We do this to differentiate layout tables from data tables and it works very well. We have heuristics to weed out spacer images, too. I’d argue we need to do this in more places. Lists for example: bug 122320.
Comment 7 chris fleizach 2013-10-04 00:40:36 PDT
(In reply to comment #6)
> (In reply to comment #4)
> 
> > I don't know if this is a good idea. We'd essentially be saying a portion of defined HTML should be ignored because authors are doing it wrong. That would could be true of so many different things.
> 
> We do this to differentiate layout tables from data tables and it works very well. We have heuristics to weed out spacer images, too. I’d argue we need to do this in more places. Lists for example: bug 122320.

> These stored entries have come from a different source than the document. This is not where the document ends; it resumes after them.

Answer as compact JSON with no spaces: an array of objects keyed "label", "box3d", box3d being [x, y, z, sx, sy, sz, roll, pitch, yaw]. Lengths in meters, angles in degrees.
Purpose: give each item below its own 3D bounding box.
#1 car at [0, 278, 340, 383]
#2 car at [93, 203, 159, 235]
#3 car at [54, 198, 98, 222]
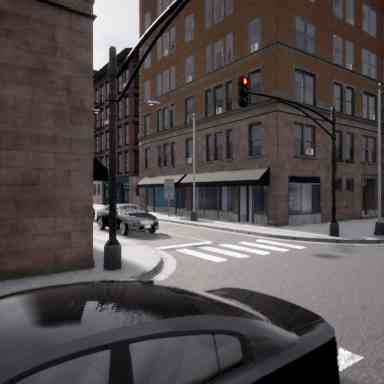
[{"label":"car","box3d":[-1.038,1.478,2.207,5.008,1.535,1.882,0,0,-36]},{"label":"car","box3d":[-3.624,1.395,18.153,2.128,1.511,4.902,0,0,-37]},{"label":"car","box3d":[-9.110,1.323,25.863,1.882,1.535,5.008,0,0,-36]}]

I don't think these examples are equivalent. What you're proposing with this change would make it impossible for non-english speakers to go to a webpage with lang="en" and hear English spoken automatically.
Comment 8 James Craig 2013-10-04 00:41:37 PDT
(In reply to comment #5)

> I agree with Alexey that this is not an accessibility-specific issue, so I would not want the heuristic in the accessibility code.

Okay, let’s clone this one for the heuristics portion of it, and just do the simple solution above for accessibility, where we ignore EN defined on <html> due to the authoring tool errors.
Comment 9 James Craig 2013-10-04 00:46:39 PDT
(In reply to comment #7)
> (In reply to comment #6)
> > (In reply to comment #4)
> > 
> > > I don't know if this is a good idea. We'd essentially be saying a portion of defined HTML should be ignored because authors are doing it wrong. That would could be true of so many different things.
> > 
> > We do this to differentiate layout tables from data tables and it works very well. We have heuristics to weed out spacer images, too. I’d argue we need to do this in more places. Lists for example: bug 122320.
> 
> I don't think these examples are equivalent. What you're proposing with this change would make it impossible for non-english speakers to go to a webpage with lang="en" and hear English spoken automatically.

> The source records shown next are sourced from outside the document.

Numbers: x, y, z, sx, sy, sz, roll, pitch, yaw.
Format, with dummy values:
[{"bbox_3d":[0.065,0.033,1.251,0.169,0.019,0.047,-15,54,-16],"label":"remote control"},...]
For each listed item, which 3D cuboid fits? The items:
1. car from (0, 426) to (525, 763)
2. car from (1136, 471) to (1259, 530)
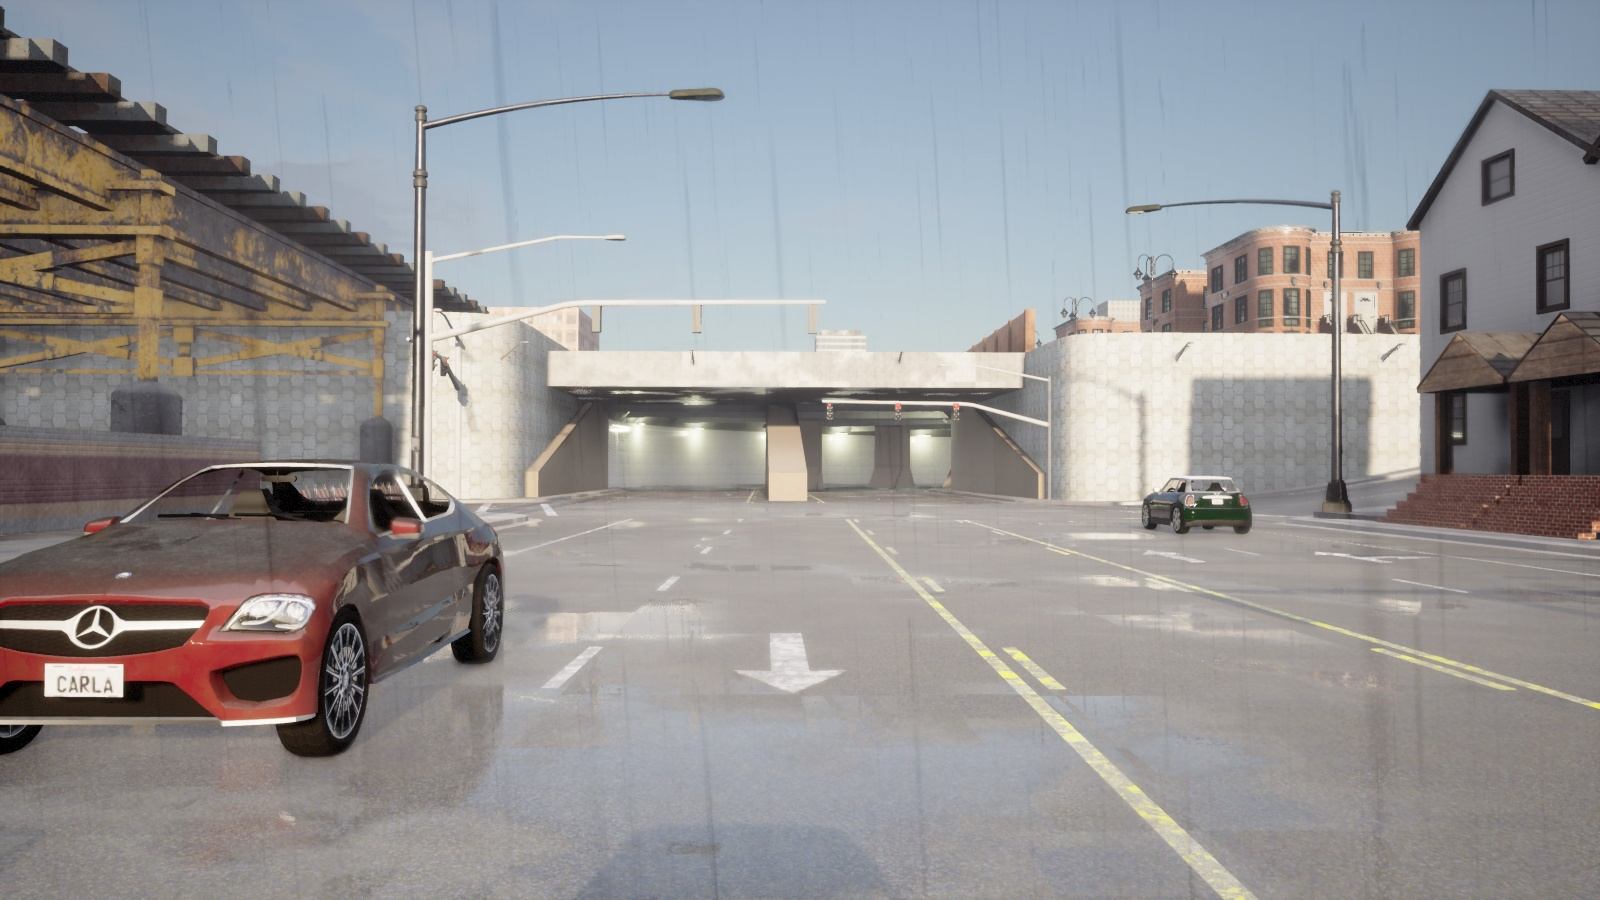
[{"bbox_3d":[-3.521,0.753,8.692,2.152,1.651,5.027,0,-1,0],"label":"car"},{"bbox_3d":[10.448,1.296,33.317,1.970,1.475,3.806,0,-1,-1],"label":"car"}]

Currently, non-English speaking screen reader users go to sites like the ones above and hear the *wrong* language voice, then have to override it it manually. I’m suggesting we fix that bug, based on the evidence that many of these sites do the wrong thing on the <html> element. We could leave the <body> alone as a workaround, since we haven’t seen this in error in as many places.
Comment 10 James Craig 2013-10-04 00:48:33 PDT
Non-English speakers users can still switch their language rotor and hear the current site in English, if they determine it actually is in English.